*Exercise aim*: Among the entries below, find the line with "msp.add_line((123, 14.5), (123, 10), dxfattribs=at)", then quote it and each following line up to and including the line with "msp.add_circle((91.73012, 4.76421), radius, dxfattribs=at)", and nothing else.
Data section Start Marker
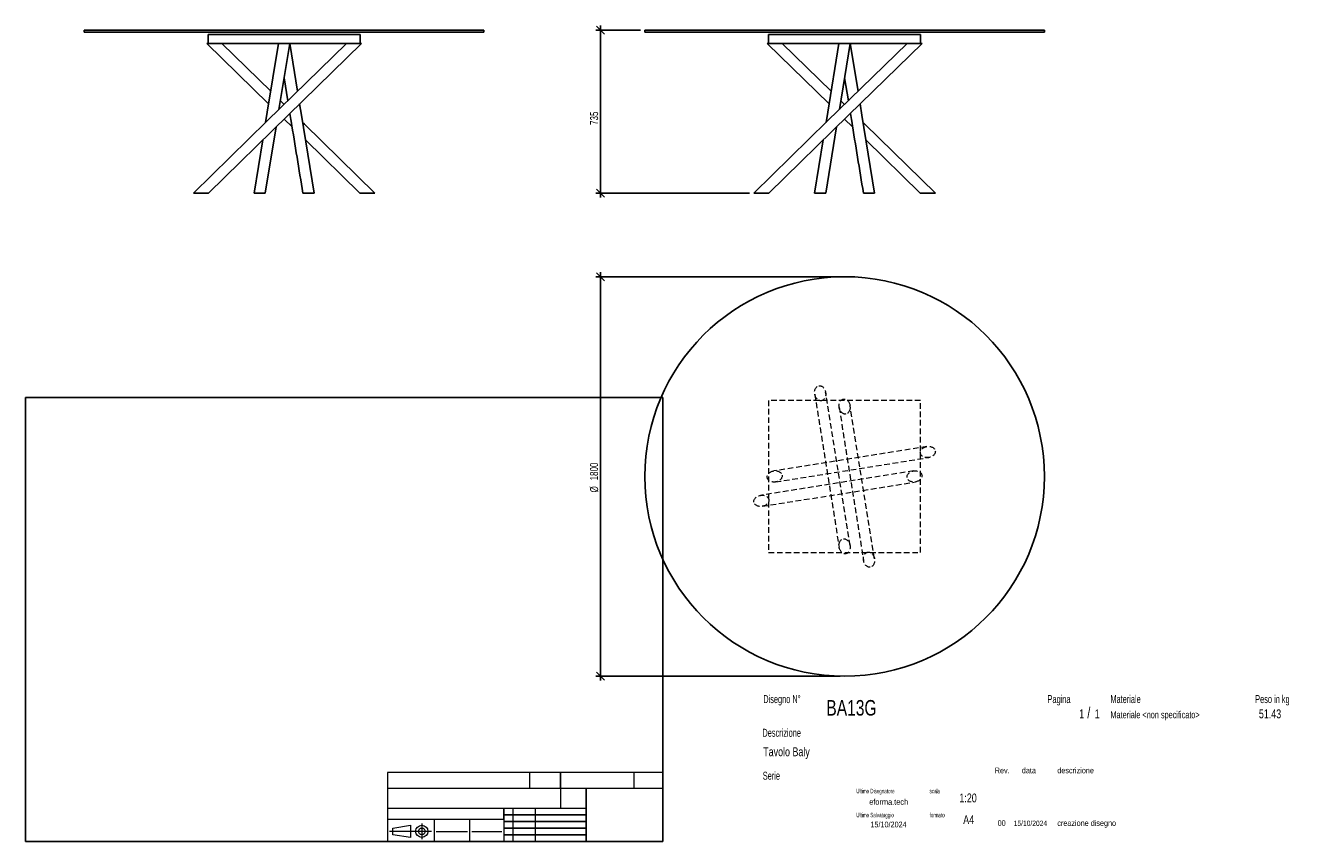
# Model space of a CAD drawing. Header units: millimetres. Extents: x 2 to 291, y 2 to 186.
import ezdxf

# ---------------------------------------------------------------- set-up
doc = ezdxf.new("R2010")
doc.units = ezdxf.units.MM
doc.linetypes.add('HIDDEN', pattern=[1.905, 1.27, -0.635])
doc.layers.add('FORMAT', color=7, linetype='Continuous')
doc.styles.add('SLDTEXTSTYLE0', font='TXT', dxfattribs={"width": 0.605})
doc.styles.add('SLDTEXTSTYLE1', font='TXT', dxfattribs={"width": 0.75})
doc.dimstyles.new('SLDDIMSTYLE0', dxfattribs={"dimtxt": 1.8, "dimasz": 1.8, "dimexe": 0, "dimexo": 0.0625, "dimgap": 0.45, "dimtad": 1, "dimlfac": 20, "dimrnd": 1e-09, "dimzin": 12, "dimdsep": 46, "dimtxsty": 'SLDTEXTSTYLE1', "dimblk1": 'OBLIQUE', "dimblk2": 'OBLIQUE', "dimsah": 1, "dimcen": 0.09, "dimadec": 0, "dimazin": 3, "dimtfac": 1, "dimtmove": 0, "dimatfit": 0, "dimldrblk": 'OBLIQUE', "dimfxl": 0, "dimfrac": 2, "dimtolj": 1, "dimtzin": 12, "dimarcsym": 0})

# ---------------------------------------------------------------- blocks, each defined once
blk = doc.blocks.new('_Oblique')
at = {"color": 0, "linetype": 'ByBlock', "lineweight": -2}
blk.add_line((-0.5, -0.5), (0.5, 0.5), dxfattribs=at)
blk = doc.blocks.new('_D')
at = {"layer": 'FORMAT', "color": 7}
for p, q in [((140.97, 185.31), (130.97, 185.31)), ((131.97, 185.31), (131.97, 186.31)), ((131.97, 148.56), (131.97, 185.31)), ((165.53, 148.56), (130.97, 148.56)), ((131.97, 148.56), (131.97, 147.56))]:
    blk.add_line(p, q, dxfattribs=at)
at = {"layer": 'FORMAT', "color": 7, "xscale": 1.8, "yscale": 1.8}
for p, rotation in [((131.97, 185.31), 270.0000000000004), ((131.97, 148.56), 90.0000000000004)]:
    blk.add_blockref('_Oblique', p, dxfattribs=dict(at, rotation=rotation))
at = {"layer": 'FORMAT', "color": 7, "insert": (129.65, 163.93), "char_height": 1.8, "attachment_point": 1, "rotation": 90, "style": 'SLDTEXTSTYLE1'}
blk.add_mtext('735', dxfattribs=at)
blk = doc.blocks.new('_D_1')
at = {"layer": 'FORMAT', "color": 7}
for p, q in [((131.97, 129.73), (131.97, 130.73)), ((185.97, 129.73), (130.97, 129.73)), ((131.97, 129.73), (131.97, 39.73)), ((185.97, 39.73), (130.97, 39.73)), ((131.97, 39.73), (131.97, 38.73))]:
    blk.add_line(p, q, dxfattribs=at)
at = {"layer": 'FORMAT', "color": 7, "xscale": 1.8, "yscale": 1.8}
for p, rotation in [((131.97, 129.73, 17.25), 270.0000000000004), ((131.97, 39.73, 17.25), 90.0000000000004)]:
    blk.add_blockref('_Oblique', p, dxfattribs=dict(at, rotation=rotation))
at = {"layer": 'FORMAT', "color": 7, "char_height": 1.8, "attachment_point": 1, "rotation": 90, "style": 'SLDTEXTSTYLE1'}
for s, insert in [('1800', (129.63, 83.84)), ('%%c', (129.65, 81.13))]:
    blk.add_mtext(s, dxfattribs=dict(at, insert=insert))

msp = doc.modelspace()

# ---------------------------------------------------------------- linework, layer by layer
at = {"color": 7, "linetype": 'Continuous', "lineweight": 25}
for p, q in [((15.72206, 185.31232), (15.72206, 184.81232)), ((15.72206, 185.31232), (105.72206, 185.31232)), ((15.72206, 184.81232), (105.72206, 184.81232)), ((105.72206, 184.81232), (105.72206, 185.31232)), ((141.97316, 185.31232), (141.97316, 184.81232)), ((141.97316, 185.31232), (186.97316, 185.31232)), ((141.97316, 184.81232), (186.97316, 184.81232)), ((186.97316, 185.31232), (231.97316, 185.31232)), ((186.97316, 184.81232), (231.97316, 184.81232)), ((231.97316, 184.81232), (231.97316, 185.31232)), ((43.28183, 182.31232), (57.23464, 168.66282)), ((43.28183, 182.31232), (46.66228, 182.31232)), ((43.59706, 182.31234), (43.59706, 184.31232)), ((43.59706, 184.31232), (77.84706, 184.31232)), ((43.59706, 182.31234), (77.84706, 182.31234)), ((57.69945, 171.51511), (46.66229, 182.31232)), ((59.45899, 182.31232), (59.46065, 182.3021)), ((59.45899, 182.31232), (59.45904, 182.31232)), ((59.45904, 182.31232), (61.98513, 182.31232)), ((59.55816, 167.41963), (61.98513, 182.31232)), ((63.74467, 171.51511), (61.98513, 182.31232)), ((74.78184, 182.31232), (74.79326, 182.31232)), ((74.79326, 182.31232), (78.16229, 182.31232)), ((77.84706, 182.31234), (77.84706, 184.31232)), ((169.53292, 182.31232), (183.48573, 168.66282)), ((169.53292, 182.31232), (172.91338, 182.31232)), ((169.84816, 182.31234), (169.84816, 184.31232)), ((169.84816, 184.31232), (204.09816, 184.31232)), ((169.84816, 182.31234), (204.09816, 182.31234)), ((183.95055, 171.51511), (172.91339, 182.31232)), ((185.71008, 182.31232), (185.71175, 182.3021)), ((185.71008, 182.31232), (185.71014, 182.31232)), ((185.71014, 182.31232), (188.23623, 182.31232)), ((185.80926, 167.41963), (188.23623, 182.31232)), ((189.99576, 171.51511), (188.23623, 182.31232)), ((201.03293, 182.31232), (201.04435, 182.31232)), ((201.04435, 182.31232), (204.41339, 182.31232)), ((204.09816, 182.31234), (204.09816, 184.31232)), ((60.72206, 174.5617), (61.56589, 169.3837)), ((186.97316, 174.5617), (187.81698, 169.3837)), ((60.72206, 168.55822), (59.87823, 169.3837)), ((186.97315, 168.55822), (186.12933, 169.3837)), ((60.72206, 165.25121), (62.52709, 163.48542)), ((186.97316, 165.25121), (188.77819, 163.48542)), ((56.48513, 148.56232), (58.91703, 163.48542)), ((182.73623, 148.56232), (185.16812, 163.48542)), ((55.91182, 160.54554), (53.95899, 148.56232)), ((65.5323, 160.54554), (77.78183, 148.56232)), ((182.16291, 160.54554), (180.21008, 148.56232)), ((191.7834, 160.54554), (204.03292, 148.56232)), ((40.28183, 148.56232), (40.29326, 148.56232)), ((40.29326, 148.56232), (43.66227, 148.56232)), ((53.95899, 148.56232), (56.48508, 148.56232)), ((64.95904, 148.56232), (66.48969, 148.56232)), ((66.48969, 148.56232), (67.48513, 148.56232)), ((77.78185, 148.56232), (81.16229, 148.56232)), ((166.53292, 148.56232), (166.54435, 148.56232)), ((166.54435, 148.56232), (169.91337, 148.56232)), ((180.21008, 148.56232), (182.73617, 148.56232)), ((191.21014, 148.56232), (192.74079, 148.56232)), ((192.74079, 148.56232), (193.73623, 148.56232)), ((204.03295, 148.56232), (207.41339, 148.56232))]:
    msp.add_line(p, q, dxfattribs=at)
at = {"color": 7, "linetype": 'HIDDEN', "lineweight": 18}
for p, q in [((169.84816, 101.85756), (169.84816, 67.60756)), ((204.09816, 101.85756), (169.84816, 101.85756)), ((180.23874, 103.28577), (185.73874, 68.78577)), ((188.20757, 69.17935), (182.70757, 103.67935)), ((204.09816, 67.60756), (204.09816, 101.85756)), ((185.73874, 100.28577), (191.23874, 65.78577)), ((193.70757, 66.17935), (188.20757, 100.67935)), ((205.52637, 91.46697), (171.02637, 85.96697)), ((171.41995, 83.49814), (205.91995, 88.99814)), ((202.52637, 85.96697), (168.02637, 80.46697)), ((168.41995, 77.99814), (202.91995, 83.49814)), ((169.84816, 67.60756), (204.09816, 67.60756))]:
    msp.add_line(p, q, dxfattribs=at)
at = {"color": 7, "linetype": 'Continuous', "lineweight": 25, "flags": 128}
for points in [[(74.78183, 182.31232), (56.82402, 164.74493), (40.28183, 148.56232)], [(43.66229, 148.56232), (61.6201, 166.12972), (78.16229, 182.31232)], [(59.45899, 182.31232), (56.92869, 166.78541), (56.55295, 164.47975)], [(201.03292, 182.31232), (183.07512, 164.74493), (166.53292, 148.56232)], [(169.91339, 148.56232), (187.87119, 166.12972), (204.41339, 182.31232)], [(185.71008, 182.31232), (183.17979, 166.78541), (182.80405, 164.47975)], [(67.48513, 148.56232), (64.62228, 166.12972), (64.20948, 168.66282)], [(193.73623, 148.56232), (190.87338, 166.12972), (190.46058, 168.66282)], [(81.16229, 148.56232), (65.29036, 164.08924), (64.89117, 164.47975)], [(207.41339, 148.56232), (191.54145, 164.08924), (191.14226, 164.47975)]]:
    msp.add_lwpolyline(points, dxfattribs=at)
at = {"color": 7, "linetype": 'Continuous', "lineweight": 25}
msp.add_circle((186.97316, 84.73256), 45, dxfattribs=at)
at = {"color": 7, "linetype": 'HIDDEN', "lineweight": 18}
for centre, major_axis in [((181.47316, 103.48256), (-0.26763, 1.6788)), ((186.97316, 100.48256), (0.26763, -1.6788)), ((205.72316, 90.23256), (1.6788, 0.26763)), ((171.22316, 84.73256), (1.6788, 0.26763)), ((202.72316, 84.73256), (-1.6788, -0.26763)), ((168.22316, 79.23256), (-1.6788, -0.26763)), ((186.97316, 68.98256), (-0.26763, 1.6788)), ((192.47316, 65.98256), (0.26763, -1.6788))]:
    msp.add_ellipse(centre, major_axis=major_axis, ratio=0.735294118, dxfattribs=at)
at = {"color": 7, "linetype": 'Continuous', "lineweight": 25}
for points in [[(62.03071, 166.5314), (62.12775, 165.93591), (63.10404, 159.94507), (64.08002, 153.95604), (64.95899, 148.56232)], [(188.2818, 166.5314), (188.37885, 165.93591), (189.35514, 159.94507), (190.33112, 153.95604), (191.21008, 148.56232)]]:
    msp.add_open_spline(points, degree=3, knots=[0, 0, 0, 0, 0.099401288, 1, 1, 1, 1], dxfattribs=at)
at = {"layer": 'FORMAT', "color": 251, "true_color": 0x484848}
for p, q in [((2.5, 102.5), (146, 102.5)), ((2.5, 102.5), (2.5, 2.5)), ((146, 102.5), (146, 2.5)), ((2.5, 2.5), (146, 2.5))]:
    msp.add_line(p, q, dxfattribs=at)
at = {"layer": 'FORMAT', "color": 251, "lineweight": 18, "true_color": 0x484848}
for p, q in [((146, 18), (84, 18)), ((84, 18), (84, 2.5)), ((116, 18), (116, 14.5)), ((139.5, 18), (139.5, 14.5)), ((84, 14.5), (146, 14.5)), ((84, 10), (123, 10)), ((112.25, 10), (112.25, 2.5)), ((117.25, 10), (117.25, 2.5)), ((123, 10), (128.75, 10)), ((84, 7.5), (110.25, 7.5)), ((85.22616, 5.51421), (89.22616, 6.13921)), ((89.22616, 6.13921), (89.22616, 3.38921)), ((91.73012, 6.52038), (91.73012, 3.03025)), ((94.5, 7.5), (94.5, 2.5)), ((102.5, 7.5), (102.5, 2.5)), ((110.25, 7.5), (110.25, 2.5)), ((93.94146, 4.76421), (84.44672, 4.76421)), ((85.22616, 4.01421), (85.22616, 5.51421)), ((89.22616, 3.38921), (85.22616, 4.01421)), ((95, 4.75), (102, 4.75)), ((103, 4.75), (109.75, 4.75))]:
    msp.add_line(p, q, dxfattribs=at)
at = {"layer": 'FORMAT', "color": 7}
for p, q in [((123, 14.5), (123, 18)), ((128.75, 10), (128.75, 14.5)), ((110.25, 7.5), (110.25, 10)), ((128.75, 2.5), (128.75, 10)), ((110.25, 8.5), (128.75, 8.5)), ((110.25, 7), (128.75, 7)), ((110.25, 5.5), (128.75, 5.5)), ((110.25, 4), (128.75, 4)), ((110.25, 2.5), (128.75, 2.5))]:
    msp.add_line(p, q, dxfattribs=at)
at = {"layer": 'FORMAT', "color": 7, "lineweight": 18}
msp.add_line((123, 14.5), (123, 10), dxfattribs=at)
at = {"layer": 'FORMAT', "color": 251, "lineweight": 18, "true_color": 0x484848}
for radius in [1.375, 0.75]:
    msp.add_circle((91.73012, 4.76421), radius, dxfattribs=at)

# ---------------------------------------------------------------- texts
at = {"color": 18, "linetype": 'Continuous', "lineweight": 0, "true_color": 0x060606, "insert": (280.29073, 32.24796), "char_height": 2, "attachment_point": 1, "style": 'SLDTEXTSTYLE1'}
msp.add_mtext('51.43', dxfattribs=at)
at = {"layer": 'FORMAT', "color": 18, "true_color": 0x060606}
for s, insert, char_height, attachment_point, style in [('Disegno N°', (168.65209, 35.46055), 1.8, 1, 'SLDTEXTSTYLE0'), ('Pagina', (232.68578, 35.4642), 1.8, 1, 'SLDTEXTSTYLE0'), ('Materiale', (246.84637, 35.4642), 1.8, 1, 'SLDTEXTSTYLE0'), ('Peso in kg', (279.45834, 35.4642), 1.8, 1, 'SLDTEXTSTYLE0'), ('BA13G', (182.85785, 34.35127), 3.5, 1, 'SLDTEXTSTYLE1'), ('1', (239.82456, 32.24796), 2, 1, 'SLDTEXTSTYLE1'), ('/', (241.64155, 32.74597), 2.5, 1, 'SLDTEXTSTYLE1'), ('1', (243.32047, 32.24796), 2, 1, 'SLDTEXTSTYLE1'), ('Materiale <non specificato>', (246.84637, 31.8349), 1.5875, 1, 'SLDTEXTSTYLE1'), ('Descrizione', (168.45959, 27.87301), 1.8, 1, 'SLDTEXTSTYLE0'), ('Tavolo Baly', (168.65209, 23.69153), 2, 1, 'SLDTEXTSTYLE1'), ('Serie', (168.54671, 18.20074), 1.8, 1, 'SLDTEXTSTYLE0'), ('Rev.', (220.80434, 19.14061), 1.3, 1, 'SLDTEXTSTYLE1'), ('data', (226.90583, 19.14061), 1.3, 1, 'SLDTEXTSTYLE1'), ('descrizione', (234.88928, 19.14061), 1.3, 1, 'SLDTEXTSTYLE1'), ('Ultimo Disegnatore', (189.61829, 14.3444), 1, 1, 'SLDTEXTSTYLE0'), ('scala', (206.10636, 14.3444), 1, 1, 'SLDTEXTSTYLE0'), ('1:20', (212.8317, 13.28812), 2, 1, 'SLDTEXTSTYLE1'), ('Ultimo Salvataggio', (189.61829, 8.93841), 1, 1, 'SLDTEXTSTYLE0'), ('formato', (206.10636, 8.93841), 1, 1, 'SLDTEXTSTYLE0'), ('15/10/2024', (196.86819, 6.95548), 1.3, 2, 'SLDTEXTSTYLE1'), ('A4', (213.69281, 8.39825), 2, 1, 'SLDTEXTSTYLE1'), ('00', (221.45534, 7.2775), 1.3, 1, 'SLDTEXTSTYLE1'), ('15/10/2024', (225.06555, 7.1779), 1.2, 1, 'SLDTEXTSTYLE1'), ('creazione disegno', (234.88928, 7.2775), 1.3, 1, 'SLDTEXTSTYLE1')]:
    msp.add_mtext(s, dxfattribs=dict(at, insert=insert, char_height=char_height, attachment_point=attachment_point, style=style))
at = {"layer": 'FORMAT', "color": 18, "true_color": 0x020202, "insert": (196.90354, 12.06285), "char_height": 1.3229167, "attachment_point": 2, "style": 'SLDTEXTSTYLE1'}
msp.add_mtext('eforma.tech', dxfattribs=at)

# ---------------------------------------------------------------- dimensions: what is measured, and where the dimension line sits
at = {"layer": 'FORMAT', "color": 7}
dim = msp.add_linear_dim(base=(131.97316, 185.31232), p1=(166.53286, 148.56232), p2=(141.97316, 185.31232), angle=90, dimstyle='SLDDIMSTYLE0', dxfattribs=at)
dim.commit()
dim.dimension.update_dxf_attribs({"geometry": '_D', "text_midpoint": (131.97316, 165.92353), "dimtype": 160})
dim = msp.add_linear_dim(base=(131.97316, 39.73256), p1=(186.97316, 129.73256), p2=(186.97316, 39.73256), angle=90, text='%%c<>', dimstyle='SLDDIMSTYLE0', dxfattribs=at)
dim.commit()
dim.dimension.update_dxf_attribs({"geometry": '_D_1', "text_midpoint": (131.97316, 85.14265), "dimtype": 160})

doc.saveas('drawing.dxf')
Data section End Marker
*Exercise response*:
msp.add_line((123, 14.5), (123, 10), dxfattribs=at)
at = {"layer": 'FORMAT', "color": 251, "lineweight": 18, "true_color": 0x484848}
for radius in [1.375, 0.75]:
    msp.add_circle((91.73012, 4.76421), radius, dxfattribs=at)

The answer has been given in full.